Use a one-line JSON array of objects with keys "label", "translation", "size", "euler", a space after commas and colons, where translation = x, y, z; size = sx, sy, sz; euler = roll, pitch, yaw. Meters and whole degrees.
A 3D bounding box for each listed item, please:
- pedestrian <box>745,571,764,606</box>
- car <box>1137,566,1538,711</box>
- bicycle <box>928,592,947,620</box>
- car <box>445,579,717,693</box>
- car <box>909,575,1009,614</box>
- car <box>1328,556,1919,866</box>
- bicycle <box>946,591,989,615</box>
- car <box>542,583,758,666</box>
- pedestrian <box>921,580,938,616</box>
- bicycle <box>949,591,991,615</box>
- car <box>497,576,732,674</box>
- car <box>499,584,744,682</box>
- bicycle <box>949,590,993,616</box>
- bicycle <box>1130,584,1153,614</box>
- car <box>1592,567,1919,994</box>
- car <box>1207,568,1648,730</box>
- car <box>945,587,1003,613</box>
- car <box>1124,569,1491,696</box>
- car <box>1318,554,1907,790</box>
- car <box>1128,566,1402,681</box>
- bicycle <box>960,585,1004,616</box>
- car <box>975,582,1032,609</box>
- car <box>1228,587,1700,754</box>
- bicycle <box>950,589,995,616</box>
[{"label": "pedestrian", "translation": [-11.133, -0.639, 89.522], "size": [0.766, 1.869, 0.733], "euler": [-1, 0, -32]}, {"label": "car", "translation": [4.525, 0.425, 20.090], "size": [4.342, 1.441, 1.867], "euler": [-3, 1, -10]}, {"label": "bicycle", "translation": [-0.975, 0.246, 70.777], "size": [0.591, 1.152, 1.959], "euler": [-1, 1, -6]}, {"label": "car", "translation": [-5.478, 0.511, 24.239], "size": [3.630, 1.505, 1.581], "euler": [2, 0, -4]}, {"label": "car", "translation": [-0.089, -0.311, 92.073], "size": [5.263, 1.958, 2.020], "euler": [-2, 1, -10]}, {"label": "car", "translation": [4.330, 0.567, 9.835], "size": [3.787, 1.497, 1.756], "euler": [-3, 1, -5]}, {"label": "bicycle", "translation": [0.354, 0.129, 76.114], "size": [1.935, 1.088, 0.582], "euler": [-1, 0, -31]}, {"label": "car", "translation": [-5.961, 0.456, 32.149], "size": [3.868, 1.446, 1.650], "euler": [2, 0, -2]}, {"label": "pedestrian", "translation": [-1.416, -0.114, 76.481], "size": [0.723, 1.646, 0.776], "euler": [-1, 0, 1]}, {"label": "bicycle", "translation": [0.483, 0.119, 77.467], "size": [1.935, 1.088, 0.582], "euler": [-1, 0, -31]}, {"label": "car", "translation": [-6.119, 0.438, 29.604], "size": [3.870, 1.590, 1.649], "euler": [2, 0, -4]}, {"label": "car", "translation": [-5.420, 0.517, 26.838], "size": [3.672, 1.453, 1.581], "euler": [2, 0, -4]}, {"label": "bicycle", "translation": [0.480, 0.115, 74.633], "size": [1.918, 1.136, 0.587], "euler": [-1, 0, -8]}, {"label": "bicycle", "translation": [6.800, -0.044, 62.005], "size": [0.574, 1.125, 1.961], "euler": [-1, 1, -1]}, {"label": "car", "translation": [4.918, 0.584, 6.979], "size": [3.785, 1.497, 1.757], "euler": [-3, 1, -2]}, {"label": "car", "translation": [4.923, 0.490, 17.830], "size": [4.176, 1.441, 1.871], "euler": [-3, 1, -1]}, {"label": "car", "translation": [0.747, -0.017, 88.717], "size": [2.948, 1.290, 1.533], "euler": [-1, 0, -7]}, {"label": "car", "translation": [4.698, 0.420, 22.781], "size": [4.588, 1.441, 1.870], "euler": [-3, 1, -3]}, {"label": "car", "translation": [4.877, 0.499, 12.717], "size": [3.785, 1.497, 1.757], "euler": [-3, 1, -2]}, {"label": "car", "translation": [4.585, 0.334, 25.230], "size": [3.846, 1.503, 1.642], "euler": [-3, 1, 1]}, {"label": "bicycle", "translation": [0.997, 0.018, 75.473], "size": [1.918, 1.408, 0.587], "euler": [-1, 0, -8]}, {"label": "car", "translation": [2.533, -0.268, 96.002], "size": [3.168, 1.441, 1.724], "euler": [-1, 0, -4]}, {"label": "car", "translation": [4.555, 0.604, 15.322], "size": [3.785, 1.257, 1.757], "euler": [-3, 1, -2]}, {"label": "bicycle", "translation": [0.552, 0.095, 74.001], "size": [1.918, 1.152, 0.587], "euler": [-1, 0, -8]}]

...

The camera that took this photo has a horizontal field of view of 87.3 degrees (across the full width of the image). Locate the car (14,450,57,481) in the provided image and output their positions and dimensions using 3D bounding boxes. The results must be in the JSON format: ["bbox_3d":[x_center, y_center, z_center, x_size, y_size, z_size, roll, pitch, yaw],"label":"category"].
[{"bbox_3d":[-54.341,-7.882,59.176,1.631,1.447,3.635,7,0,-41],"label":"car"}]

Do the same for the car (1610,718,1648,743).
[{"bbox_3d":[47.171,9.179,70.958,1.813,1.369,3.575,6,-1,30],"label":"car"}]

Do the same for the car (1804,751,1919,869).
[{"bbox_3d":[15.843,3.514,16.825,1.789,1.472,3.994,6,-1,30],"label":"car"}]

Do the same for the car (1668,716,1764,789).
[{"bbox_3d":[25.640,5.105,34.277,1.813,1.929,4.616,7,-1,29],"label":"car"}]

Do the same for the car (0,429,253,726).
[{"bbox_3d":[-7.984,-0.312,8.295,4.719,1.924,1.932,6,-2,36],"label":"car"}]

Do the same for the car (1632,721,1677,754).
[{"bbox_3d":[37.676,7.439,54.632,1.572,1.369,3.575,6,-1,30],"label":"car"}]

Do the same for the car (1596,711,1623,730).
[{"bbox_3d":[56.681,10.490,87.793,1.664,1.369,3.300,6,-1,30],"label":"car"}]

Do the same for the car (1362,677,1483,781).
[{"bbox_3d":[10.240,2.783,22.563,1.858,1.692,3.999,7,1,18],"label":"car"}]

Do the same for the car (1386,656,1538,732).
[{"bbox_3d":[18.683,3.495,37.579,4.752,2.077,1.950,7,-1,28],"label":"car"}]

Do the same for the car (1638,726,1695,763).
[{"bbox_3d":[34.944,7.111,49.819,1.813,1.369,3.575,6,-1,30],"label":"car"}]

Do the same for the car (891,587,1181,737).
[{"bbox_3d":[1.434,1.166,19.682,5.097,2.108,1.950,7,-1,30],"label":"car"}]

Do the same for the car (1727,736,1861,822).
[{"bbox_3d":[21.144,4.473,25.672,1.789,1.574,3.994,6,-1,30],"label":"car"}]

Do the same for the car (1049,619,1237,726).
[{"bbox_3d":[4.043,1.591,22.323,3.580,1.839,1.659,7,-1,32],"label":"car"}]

==

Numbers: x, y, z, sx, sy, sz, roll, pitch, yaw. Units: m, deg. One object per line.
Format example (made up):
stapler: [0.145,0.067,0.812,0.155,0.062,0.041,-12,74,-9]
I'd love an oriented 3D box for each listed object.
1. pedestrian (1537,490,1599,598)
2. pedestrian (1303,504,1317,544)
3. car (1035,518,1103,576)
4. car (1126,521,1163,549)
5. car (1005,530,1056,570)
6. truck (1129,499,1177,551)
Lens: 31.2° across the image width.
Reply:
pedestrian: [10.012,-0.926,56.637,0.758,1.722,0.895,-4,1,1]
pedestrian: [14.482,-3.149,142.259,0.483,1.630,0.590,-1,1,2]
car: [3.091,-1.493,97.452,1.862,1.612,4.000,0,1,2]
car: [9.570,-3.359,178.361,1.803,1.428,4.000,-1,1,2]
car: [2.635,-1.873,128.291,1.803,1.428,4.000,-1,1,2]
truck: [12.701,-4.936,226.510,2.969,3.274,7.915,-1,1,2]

→ Task item:
Reproduce verbatim the lines above, from the line with "Use a one-line" through the line with "- car <box>1228,587,1700,754</box>".

→ Your solution:
Use a one-line JSON array of objects with keys "label", "translation", "size", "euler", a space after commas and colons, where translation = x, y, z; size = sx, sy, sz; euler = roll, pitch, yaw. Meters and whole degrees.
A 3D bounding box for each listed item, please:
- pedestrian <box>745,571,764,606</box>
- car <box>1137,566,1538,711</box>
- bicycle <box>928,592,947,620</box>
- car <box>445,579,717,693</box>
- car <box>909,575,1009,614</box>
- car <box>1328,556,1919,866</box>
- bicycle <box>946,591,989,615</box>
- car <box>542,583,758,666</box>
- pedestrian <box>921,580,938,616</box>
- bicycle <box>949,591,991,615</box>
- car <box>497,576,732,674</box>
- car <box>499,584,744,682</box>
- bicycle <box>949,590,993,616</box>
- bicycle <box>1130,584,1153,614</box>
- car <box>1592,567,1919,994</box>
- car <box>1207,568,1648,730</box>
- car <box>945,587,1003,613</box>
- car <box>1124,569,1491,696</box>
- car <box>1318,554,1907,790</box>
- car <box>1128,566,1402,681</box>
- bicycle <box>960,585,1004,616</box>
- car <box>975,582,1032,609</box>
- car <box>1228,587,1700,754</box>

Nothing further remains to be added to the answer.